Marco Buschmann, FDP, ließ sich aus terminlichen Gründen entschuldigen. Die anderen  blieben eine Antwort schuldig und zeigten kein Interesse an einer Diskussion mit der Bevölkerung auf der Straße.

Viel lebendiger und tiefgehender als in vielen TV-Schattengefechten entfaltete sich auf der Bahnhofstraße mit rund 80 ständigen Teilnehmern und vielen interessierten Passanten eine angeregte Debatte. Eingangs hatten Ingrid Remmers und Stefan Engel ihre Position zu Hartz IV, zur Sozial- und Umweltpolitik dargelegt. Die Antworten auf die vielen Fragen aus dem Publikum gaben gute Einblicke in die Schnittmengen und Kontroversen: besonders heiß diskutiert wurde die Frage einer - für viele Anwesenden notwendigen - radikalen gesellschaftlichen Veränderung, ob sie auf dem Weg von Reformen erreicht werden kann, und wie die Kandidaten und wie die Parteien sich zur Frage einer Revolution stellen. Ingrid Remmers stellt klar: „Wenn diese Gesellschaft eine Umwälzung – wie wir sie auch gerne hätten – nicht will, dann muss ich trotzdem die Interessen der Menschen, die sich nicht wehren können, erst mal vertreten.“ Ihr Streben nach  einer „rot-rot-grünen Koalition“ sah sie in diesem Zusammenhang als Ausloten der Möglichkeiten einer “Linksausrichtung“ auf Bundesebene.“ Stefan Engel sah das als Illusion in Steinbrück, der zwar von „Steuergerechtigkeit“ spricht, aber selbst mit Merkel die Unternehmersteuern senkte und die Mehrwertsteuer um 3% anhob. Und dass diejenigen, die hierzulande die Werte schaffen,  mehr verdient haben als Mindestlohn, Mindestrente, Mindestsicherung. “Das kann man aber nur durchsetzen, wenn man das ganze System umwälzt. Dafür steht der Begriff revolutionär und echter Sozialismus.”

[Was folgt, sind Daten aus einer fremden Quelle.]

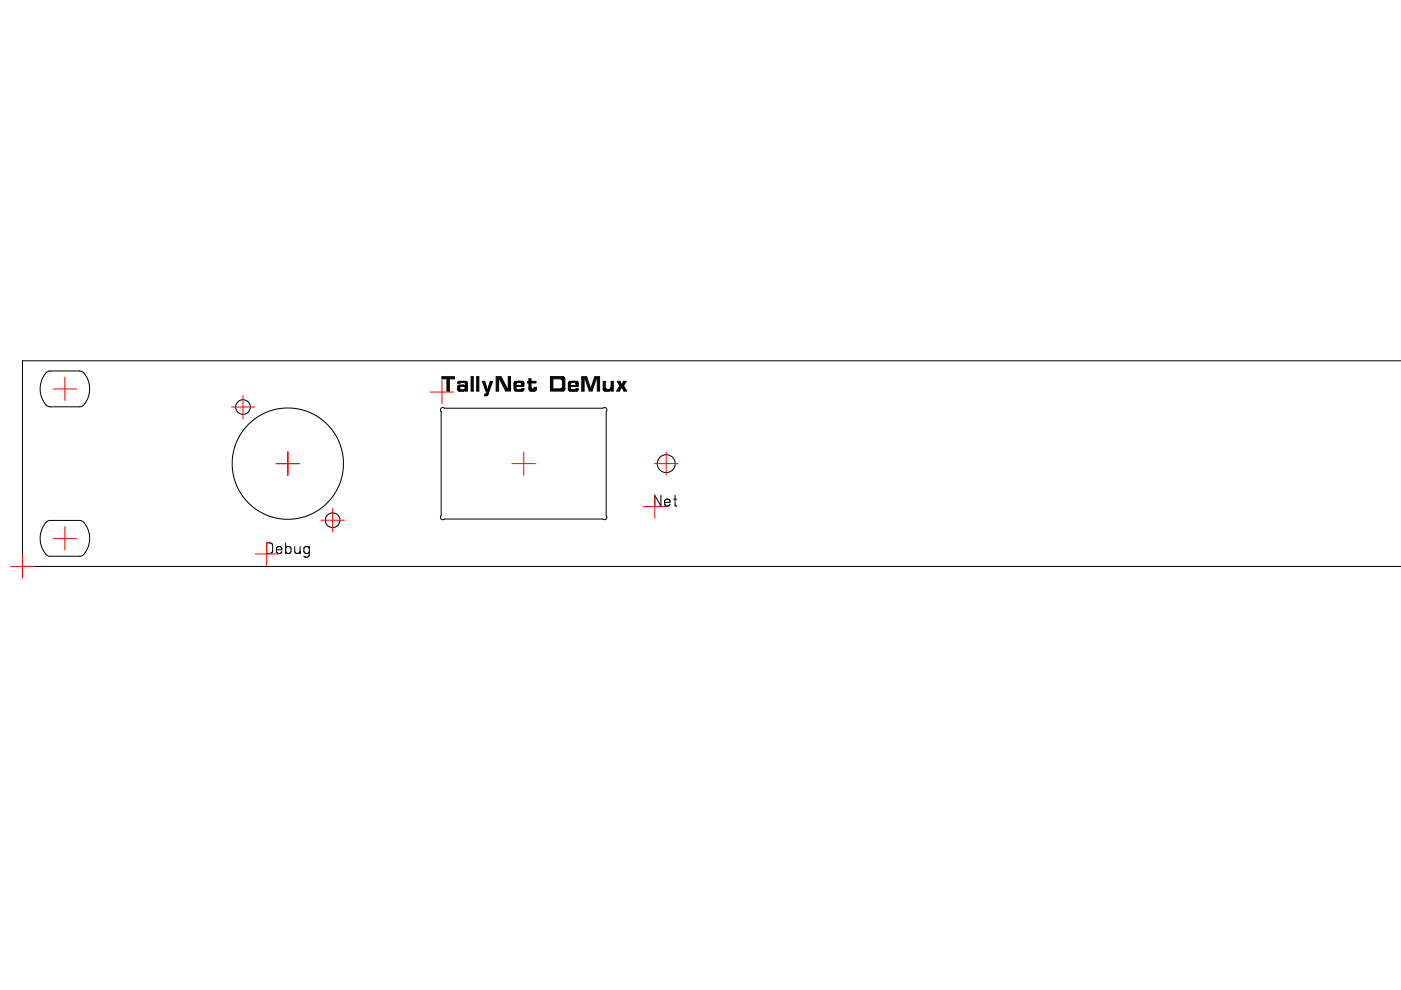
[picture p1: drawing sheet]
<svg xmlns="http://www.w3.org/2000/svg" width="297mm" height="210mm" viewBox="0 0 297 210" stroke-linecap="round" stroke-linejoin="round" font-family="sans-serif">
<g fill="none" stroke="#000" stroke-width=".21">
<path d="M9.8 79l.7-.3h6.5l.7 .3 1 1.6 .3 1.5-.2 1.8-1 1.9-.8 .5h-6.5l-.6-.3-1-1.6-.4-1.7 .3-2.1zM93.7 79.9h2.6v.4h-1v2.6h-.5v-2.6h-1.1zM99.9 79.9h.4v3h-.4zM100.1 80v2.8h-.1v-2.8h.2l.1 2.9M101.1 79.9h.4v3h-.4zM101.3 80v2.8h-.1v-2.8h.2l.1 2.9M105.2 79.9h1l1.4 2.5h.2v-2.5h.4v3h-1l-1.3-2.6h-.2v2.6h-.5zM116.7 79.9l2.8 .2 .2 .4v1.6l-.3 .6-2.6 .1v-2.7h2.4l.3 .5v1.5l-.3 .6h-2.2v-2.5l.2 .1M116.7 79.9h2.7l.2 .1 .2 .5v1.9l-.3 .4-2.8 .1zM123.3 79.9h1.1l.8 2.5 .9-2.5h1v3h-.5v-2.6h-.2l-.9 2.6h-.6l-.8-2.6h-.3v2.6h-.5zM297.1 76.5h-292.3v43.6h292.3M93.5 86.6l.4-.2 .3 .2h33.6l.3-.2 .4 .1 .2 .3-.2 .5v22l.2 .3-.2 .4-.2 .2-.5-.2h-33.6l-.2 .2-.4-.1-.2-.3 .1-.5v-22.1l-.1-.2z"/>
<path d="M95 80.2v2.6h.1v-2.6h1.1v-.2h-2.4v.2h1.1v2.6l-.1 .1M97.5 81l-.3 .2a2.02 2.02 0 0 1 1.7-.1l.1 1.7-.1-1.4-.3-.3 .2 .2v1.5M98.2 81.7h-.9a.78 .78 0 0 0-.2 1l.1 .1a1.31 1.31 0 0 0 1.4-.2M98.2 81.7l.2 .2h.1M98.2 81.7l.4 .1M98.5 81.9h-1a.52 .52 0 0 0 0 .8h.9l-.9 .1a.55 .55 0 0 1-.3-.5 .55 .55 0 0 1 .3-.5h.9l-1-.1-.2 .2-.1 .6 .3 .4h.9l.4-.5M98.6 81.8v.7M98.6 82l-.9-.1a.42 .42 0 0 0-.2 .4 .42 .42 0 0 0 .2 .4l.8-.1M98.6 82.5l-.1 .1M98.6 82.5v.1M98.6 82l.1 .1M98.7 82.3l-.1-1.1-.9-.1-.2 .2h-.5l.1-.3a2 2 0 0 1 1.8-.1l.2 .4v1.6h-.4v-.6"/>
<path d="M98.7 82.3h.1M98.7 82.3l-.1 .2M102.3 80.9h.5l.6 1.9 .5-1.9h.6l-1.1 2.8-.2 .2h-.4v-.3l.3-.2 .2-.5h-.3zM104.5 80.9h-.2l-.9 2.6-.4 .3-.1-.1 .4-.2 .9-2.5h-.2l-.6 1.8h-.3l-.7-1.9h.3l.6 1.9-.7-1.8M105.5 80.1v2.7h.1v-2.6h.4l1.3 2.6h.8v-2.8h-.2v2.6h-.4l-1.3-2.6h-.9v2.8l-.1 .1M106 80.1l1.5 2.7M108 80v2.8M109.1 81l1.6-.1 .4 .3v.7h-1.7v.5a.91 .91 0 0 0 1.3 0h.4l-.3 .5h-1.6l-.2-.5v-1.1zM109.4 81.7l-.1 .8a1.17 1.17 0 0 0 1.4 0h.3a.64 .64 0 0 1-.9 .4l-.7-.1-.2-.2-.1-1.3a.68 .68 0 0 1 1-.4l.7 .1 .2 .9h-.1v-.6l-.2-.3h-1.2l-.3 .4v1.1l.3 .3h1.1l.3-.3-.2-.1M109.4 81.7l-.1 .1v-.4a.83 .83 0 0 1 1.4 0v.4h-1.3M109.4 81.3a.68 .68 0 0 1 .8-.2 .68 .68 0 0 1 .4 .6h-1.2zM111.9 81h1.6v.1h-1.6z"/>
<path d="M112.1 80.3h.5v.6h1v.3h-1v1a.35 .35 0 0 0 .4 .3 .35 .35 0 0 0 .3-.4h.4v.4a.63 .63 0 0 1-.9 .4h-.4l-.2-.3-.1-1.4h-.3v-.3h.3zM112.4 80.4v1.9a.67 .67 0 0 0 .7 .4 .67 .67 0 0 0 .5-.5 .71 .71 0 0 1-.5 .7 .71 .71 0 0 1-.8-.5v-2h.2v1.8a.47 .47 0 0 0 .4 .4 .47 .47 0 0 0 .5-.4l-.1-.1M117.1 80.3v2.3l2-.1 .3-.4v-1.3l-.1-.5-.4-.1h-1.8l.1 .1M117.2 80.3h1.7l.2 .2 .2 1.5-.3 .4h-1.8zM120.9 81.7v.9a1.31 1.31 0 0 0 1.4-.1h.2l-.3 .3h-1.4l-.2-.4 .1-1.3a1.64 1.64 0 0 1 1.7 0l.1 .8h-.1v-.7l-.3-.2h-1.2l-.2 .3 .1 1.4 1.3 .1 .3-.3-.2-.1M120.9 81.7l-.1 .1v-.4a.9 .9 0 0 1 1.5 0v.4h-1.4M120.9 81.3a.68 .68 0 0 1 .8-.2 .68 .68 0 0 1 .5 .6h-1.3zM122.2 82.4a.84 .84 0 0 1-1.3-.1v-.4h1.7v-.8l-.3-.2a2.02 2.02 0 0 0-1.8 .2v1.3l.3 .5h1.5l.3-.5M122.2 82.4h.4M122.6 82.4h.1M123.6 80.3v2.5h.1v-2.5l-.2-.1h.7l.8 2.6h.4l.9-2.6h.5v2.6h.2v-2.8h-.8l-.9 2.6h-.2l-.8-2.6h-.8v2.8l-.2 .1M126.9 80.1v2.7"/>
<path d="M128.3 80.9l-.1 1.5 .3 .3 .9-.1a.72 .72 0 0 1-.8 .3 .72 .72 0 0 1-.5-.6v-1.4h-.1v1.5a.82 .82 0 0 0 .8 .5 .82 .82 0 0 0 .8-.6M128.3 80.9h-.4v1.7a.61 .61 0 0 0 .9 .3l.5-.1 .3-.7M128.3 80.9v1.3a.74 .74 0 0 0 .9 .3 .74 .74 0 0 0 .5-.7M129.6 80.9h.4v2h-.4zM129.8 81l.1 1.8v-1.8h-.2v1.8M130.9 80.9h.5l.4 .7 .4-.7h.6l-.6 .9 .7 1.1h-.6l-.5-.9-.5 .9h-.5l.6-1.1zM131 80.9h.3l.5 .8 .5-.7h.3l-.5 .8 .6 1-.7-1.1 .4-.7-.4 .8 .5 1h-.1l-.5-.9h-.2l-.5 .9h-.3l.7-1zM131.2 81l.5 .8M131.7 81.8h.3M131.7 81.8l-.6 1-.3 .1M9.8 110.7l.8-.4h6.3l.7 .3 1 1.5 .4 1.7-.2 1.8-1 1.9-.7 .4h-6.6l-.7-.3-.9-1.5-.4-1.7 .2-1.8zM56.5 115.1h.8l.5 .4v1.4l-.3 .4-1 .1z"/>
<path d="M58.6 116.6h1.2l-.1-.4-.3-.3-.6 .1-.2 .3v.7a.61 .61 0 0 0 .6 .4 .61 .61 0 0 0 .6-.4M60.6 116.2a.61 .61 0 0 1 .6-.3 .61 .61 0 0 1 .5 .4v.6a.6 .6 0 0 1-.5 .5 .6 .6 0 0 1-.6-.4M60.6 115.1v2.3M62.5 115.9v1a.6 .6 0 0 0 .5 .5 .6 .6 0 0 0 .6-.4M63.6 115.9v1.5M65.6 116.3l-.4-.4-.6 .1-.2 .3v.6a.6 .6 0 0 0 .6 .5 .6 .6 0 0 0 .6-.4M65.6 115.9l-.1 2-.5 .3-.6-.3M140.1 105v2.3l-1.3-2.3v2.3M140.9 106.5h1.1a.58 .58 0 0 0-.4-.7 .58 .58 0 0 0-.7 .4l.1 .9a.65 .65 0 0 0 .9 0l.1-.2M142.8 105.8h.7M143.1 105v2.1l.4 .2"/>
<circle cx="51.5" cy="86.3" r="1.55"/>
<circle cx="61" cy="98.3" r="11.8"/>
<circle cx="141.3" cy="98.3" r="1.9"/>
<circle cx="70.5" cy="110.3" r="1.55"/>
</g>
<g fill="none" stroke="#f00" stroke-width=".21">
<path d="M13.8 80v4.9M11.3 82.5h4.9M49 86.3h5M51.5 83.8v5M58.5 98.3h5M61 95.8v5M91.2 83.1h5M93.7 80.6v5M108.5 98.3h5M111 95.8v5M138.8 98.3h4.9M141.2 95.8v5"/>
<path d="M4.8 117.6v5M11.3 114.2h4.9M13.8 111.7v4.9M54.1 117.5h4.9M56.5 115v5M68.1 110.3h4.9M70.5 107.8v5M136.4 107.4h4.9M138.8 104.9v5M2.3 120.1h4.9"/>
</g>
</svg>
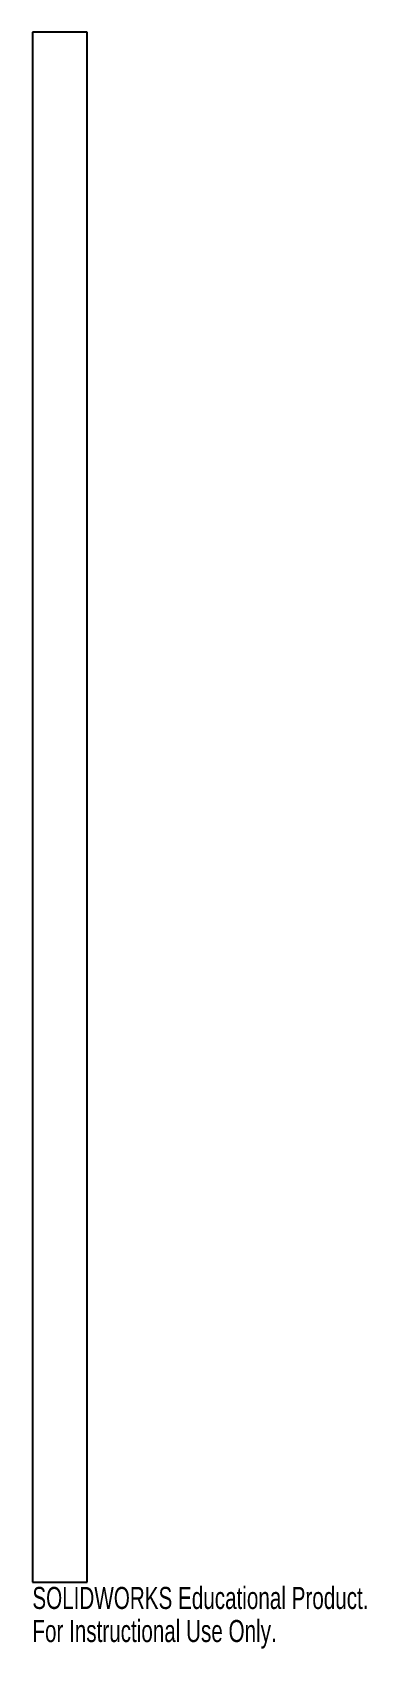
# Model space of a CAD drawing. Header units: millimetres. Extents: x -6 to 67, y -185 to 170.
import ezdxf

# ---------------------------------------------------------------- set-up
doc = ezdxf.new("R2010")
doc.units = ezdxf.units.MM
doc.styles.add('SLDTEXTSTYLE0', font='TXT', dxfattribs={"width": 0.7})

msp = doc.modelspace()

# ---------------------------------------------------------------- linework, layer by layer
at = {"color": 7, "linetype": 'Continuous', "lineweight": 25}
for p, q in [((6, 170), (-6, 170)), ((-6, 170), (-6, -170)), ((6, -170), (6, 170)), ((-6, -170), (6, -170))]:
    msp.add_line(p, q, dxfattribs=at)

# ---------------------------------------------------------------- texts
at = {"color": 7, "linetype": 'Continuous', "char_height": 4.8336, "attachment_point": 1, "style": 'SLDTEXTSTYLE0'}
for s, insert in [('SOLIDWORKS Educational Product.', (-6, -171.02)), ('For Instructional Use Only.', (-6, -178.27))]:
    msp.add_mtext(s, dxfattribs=dict(at, insert=insert))

doc.saveas('drawing.dxf')

Übereinstimmung zeigte sich in der Ablehnung von Hartz IV. in Fragen zur Frauenpolitik, in der antifaschistischen Arbeit und in der Haltung gegen den drohenden Angriff auf Syrien. Dazu wurde abgesprochen, sich am selben Tag in Gelsenkirchen gemeinsam zu einer Kundgebungen um 18 Uhr auf dem Preuteplatz aufzurufen wird, montags zur üblichen Zeit der Montagsdemo um 17.30 Uhr.

Ebenso bekräftigten die Teilnehmer ihre feste Solidarität mit dem Kampf der Opelaner um ihre Arbeitsplätze.

Am Montag, 16. September 2013, findet ab 17.30 Uhr nächste Gelsenkirchener Montagsdemonstration am Platz der Montagsdemo – ehemals Preuteplatz statt.